Des drones qui pourront rester en vol stationnaire pendant des heures

« En plus, on a fait le choix d'avoir des drones haut de gamme polyvalents, c'est-à-dire des drones qui seront amenés à réaliser des vols ordinaires, mais qu'on pourra aussi mettre en œuvre en mode captif » détaille le gradé. « Normalement, pour voler, un drone s'appuie sur une batterie, qu'il embarque. Là, on substitue à cette batterie embarquée un système d'alimentation partant du sol, qui permet au drone de conserver une capacité d'observation quasi-permanente en réalisant un vol stationnaire. » Grâce à un câble très fin, l’appareil ne sera dès lors plus soumis aux contraintes d’autonomie que connaissent d’habitude les engins à batterie, ce qui pourrait s’avérer particulièrement utile pour la surveillance de sites sensibles par exemple.

« En cas de besoin, si le drone détecte un objectif, s'il faut préciser un renseignement, on pose le drone, on réinstalle la batterie et on le fait décoller » poursuit le colonel Bisognin – sachant que l’appel d’offres fait référence à une autonomie minimale de 20 minutes dans des « conditions normalisées de température et de pression » (voir plus de détails dans les documents afférents à l’appel d’offres).

Parachutes en cas de pépin

Alors que l’éventualité d’un crash aux abords d’une manifestation surveillée par un drone peut affleurer les esprits, la Gendarmerie se veut rassurante : « Nos systèmes sont étudiés pour avoir un haut niveau d'exigences en matière de navigabilité et de sécurité aéronautique. Toutes les dispositions sont prises pour que le risque soit le plus limité possible. C'est d’ailleurs pour ça que sur les futurs systèmes que la Gendarmerie va acquérir, il est prévu notamment un parachute, pour parer à toute éventualité. »

Les militaires habilités à utiliser des drones seront d’autre part spécialement formés, avec l’appui du groupement d'instruction du commandement des forces aériennes de la Gendarmerie Nationale. Trente premiers télépilotes doivent être formés cette année, puis soixante par an à compter de 2017.

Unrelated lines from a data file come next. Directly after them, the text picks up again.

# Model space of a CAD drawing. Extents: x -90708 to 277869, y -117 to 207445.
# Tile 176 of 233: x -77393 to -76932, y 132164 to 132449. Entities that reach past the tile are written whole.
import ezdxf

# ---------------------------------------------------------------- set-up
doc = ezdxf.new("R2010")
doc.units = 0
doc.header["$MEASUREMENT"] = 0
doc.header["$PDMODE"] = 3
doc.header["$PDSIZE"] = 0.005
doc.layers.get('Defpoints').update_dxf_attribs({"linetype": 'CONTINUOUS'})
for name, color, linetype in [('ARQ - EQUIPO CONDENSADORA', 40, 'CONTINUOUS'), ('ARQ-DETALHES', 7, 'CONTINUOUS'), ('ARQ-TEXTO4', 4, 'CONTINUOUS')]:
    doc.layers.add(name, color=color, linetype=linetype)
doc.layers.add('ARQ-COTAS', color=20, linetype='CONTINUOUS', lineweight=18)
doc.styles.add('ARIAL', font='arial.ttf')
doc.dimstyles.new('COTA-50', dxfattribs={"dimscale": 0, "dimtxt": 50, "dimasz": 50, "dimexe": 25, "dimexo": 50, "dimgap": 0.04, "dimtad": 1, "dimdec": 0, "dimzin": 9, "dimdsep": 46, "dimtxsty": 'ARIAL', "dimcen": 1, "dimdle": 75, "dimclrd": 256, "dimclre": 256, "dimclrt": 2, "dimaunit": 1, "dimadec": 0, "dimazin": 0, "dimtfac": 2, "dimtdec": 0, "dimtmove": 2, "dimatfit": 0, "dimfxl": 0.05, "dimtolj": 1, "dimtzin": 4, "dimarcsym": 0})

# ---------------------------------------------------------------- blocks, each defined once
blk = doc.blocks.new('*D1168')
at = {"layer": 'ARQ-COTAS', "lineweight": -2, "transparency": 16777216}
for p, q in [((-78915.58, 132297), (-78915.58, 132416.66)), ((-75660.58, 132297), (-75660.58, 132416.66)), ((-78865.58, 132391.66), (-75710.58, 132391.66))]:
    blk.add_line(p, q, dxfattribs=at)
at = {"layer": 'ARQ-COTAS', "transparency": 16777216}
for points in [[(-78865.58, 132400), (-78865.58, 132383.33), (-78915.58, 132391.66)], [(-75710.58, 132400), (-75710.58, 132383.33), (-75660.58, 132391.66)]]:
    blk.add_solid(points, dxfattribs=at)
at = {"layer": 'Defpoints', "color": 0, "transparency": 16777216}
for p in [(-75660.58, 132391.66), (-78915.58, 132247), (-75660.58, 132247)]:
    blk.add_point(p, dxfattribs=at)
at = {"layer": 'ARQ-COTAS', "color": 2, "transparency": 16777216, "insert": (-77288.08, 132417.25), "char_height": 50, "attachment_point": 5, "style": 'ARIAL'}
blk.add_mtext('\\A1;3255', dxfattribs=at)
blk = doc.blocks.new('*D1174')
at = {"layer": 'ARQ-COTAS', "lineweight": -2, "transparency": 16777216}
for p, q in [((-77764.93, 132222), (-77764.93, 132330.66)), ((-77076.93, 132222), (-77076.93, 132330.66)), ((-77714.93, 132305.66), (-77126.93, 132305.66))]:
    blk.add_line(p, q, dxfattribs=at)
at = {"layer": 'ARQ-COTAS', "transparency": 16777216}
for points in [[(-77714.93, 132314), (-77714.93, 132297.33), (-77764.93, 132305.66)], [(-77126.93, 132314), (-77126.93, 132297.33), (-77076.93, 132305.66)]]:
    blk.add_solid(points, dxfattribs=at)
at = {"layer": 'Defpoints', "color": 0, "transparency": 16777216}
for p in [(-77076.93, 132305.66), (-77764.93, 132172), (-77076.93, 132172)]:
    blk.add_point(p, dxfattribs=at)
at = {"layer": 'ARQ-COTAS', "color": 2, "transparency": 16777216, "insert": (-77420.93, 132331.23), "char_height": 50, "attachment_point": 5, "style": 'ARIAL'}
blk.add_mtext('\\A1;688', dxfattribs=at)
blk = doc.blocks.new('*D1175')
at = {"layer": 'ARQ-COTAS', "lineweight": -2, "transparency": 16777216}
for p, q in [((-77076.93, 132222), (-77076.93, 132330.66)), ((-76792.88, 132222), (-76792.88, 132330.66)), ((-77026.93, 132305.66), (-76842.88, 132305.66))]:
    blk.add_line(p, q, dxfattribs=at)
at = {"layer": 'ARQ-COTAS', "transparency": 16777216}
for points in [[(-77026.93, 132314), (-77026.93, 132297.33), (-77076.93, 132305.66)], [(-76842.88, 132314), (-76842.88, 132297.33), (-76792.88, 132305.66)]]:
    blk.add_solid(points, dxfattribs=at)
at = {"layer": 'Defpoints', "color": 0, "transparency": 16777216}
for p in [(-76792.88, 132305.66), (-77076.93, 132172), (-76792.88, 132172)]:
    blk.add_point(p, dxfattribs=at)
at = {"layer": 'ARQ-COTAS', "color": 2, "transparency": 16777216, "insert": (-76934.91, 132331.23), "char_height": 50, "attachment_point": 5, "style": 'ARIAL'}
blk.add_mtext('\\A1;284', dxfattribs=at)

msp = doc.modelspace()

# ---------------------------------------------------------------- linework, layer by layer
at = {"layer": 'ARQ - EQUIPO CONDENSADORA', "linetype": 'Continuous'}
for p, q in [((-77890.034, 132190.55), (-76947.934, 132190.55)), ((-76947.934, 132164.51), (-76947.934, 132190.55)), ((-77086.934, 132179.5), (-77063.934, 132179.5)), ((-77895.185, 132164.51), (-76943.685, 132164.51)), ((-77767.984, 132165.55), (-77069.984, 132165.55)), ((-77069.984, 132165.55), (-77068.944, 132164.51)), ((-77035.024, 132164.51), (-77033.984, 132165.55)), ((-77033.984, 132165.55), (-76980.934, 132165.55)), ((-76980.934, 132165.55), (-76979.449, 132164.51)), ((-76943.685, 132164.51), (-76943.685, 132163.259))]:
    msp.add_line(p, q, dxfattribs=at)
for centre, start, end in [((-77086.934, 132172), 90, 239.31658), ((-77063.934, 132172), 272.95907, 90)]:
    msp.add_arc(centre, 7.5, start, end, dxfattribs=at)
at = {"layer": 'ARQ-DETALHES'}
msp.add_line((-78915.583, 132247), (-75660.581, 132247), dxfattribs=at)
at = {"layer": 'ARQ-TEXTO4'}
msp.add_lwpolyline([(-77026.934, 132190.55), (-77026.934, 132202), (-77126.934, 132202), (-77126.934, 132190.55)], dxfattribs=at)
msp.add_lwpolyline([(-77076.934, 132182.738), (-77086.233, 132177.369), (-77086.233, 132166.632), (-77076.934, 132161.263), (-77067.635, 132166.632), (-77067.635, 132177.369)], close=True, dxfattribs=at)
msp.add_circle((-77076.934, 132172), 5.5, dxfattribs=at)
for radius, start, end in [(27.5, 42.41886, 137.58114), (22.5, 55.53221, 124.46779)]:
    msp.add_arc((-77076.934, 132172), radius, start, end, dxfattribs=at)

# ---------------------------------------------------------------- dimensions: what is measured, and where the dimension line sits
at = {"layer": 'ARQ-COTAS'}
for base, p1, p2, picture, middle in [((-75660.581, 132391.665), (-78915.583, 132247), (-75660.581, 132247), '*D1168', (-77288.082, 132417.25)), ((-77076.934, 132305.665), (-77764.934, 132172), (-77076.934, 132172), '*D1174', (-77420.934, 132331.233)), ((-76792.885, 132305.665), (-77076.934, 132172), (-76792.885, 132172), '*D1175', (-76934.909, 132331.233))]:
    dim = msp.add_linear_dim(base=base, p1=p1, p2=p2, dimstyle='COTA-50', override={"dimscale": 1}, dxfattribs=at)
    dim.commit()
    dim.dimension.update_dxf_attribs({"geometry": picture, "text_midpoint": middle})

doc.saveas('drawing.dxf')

« Tout ça est très encadré »

Cet effort en matière de sécurité n’est pas anodin, en cette période où les drones suscitent parfois de fortes craintes. « On se donne les moyens pour que l’acceptabilité sociale des drones soit la plus forte possible, déclare Jérôme Bisognin. Premièrement, avec un très haut niveau d'exigences en matière de sécurité aéronautique. Deuxièmement, au travers du respect de la règlementation liée à l'utilisation de l'espace aérien. Et troisièmement, avec un haut niveau d'exigences en matière de respect du droit à la vie privée et de l'inviolabilité du domicile, ainsi que de la législation Informatique et Libertés. » Et puis « évidemment » un « contrôle hiérarchique adapté » pour que ces dispositions soient correctement appliquées sur le terrain.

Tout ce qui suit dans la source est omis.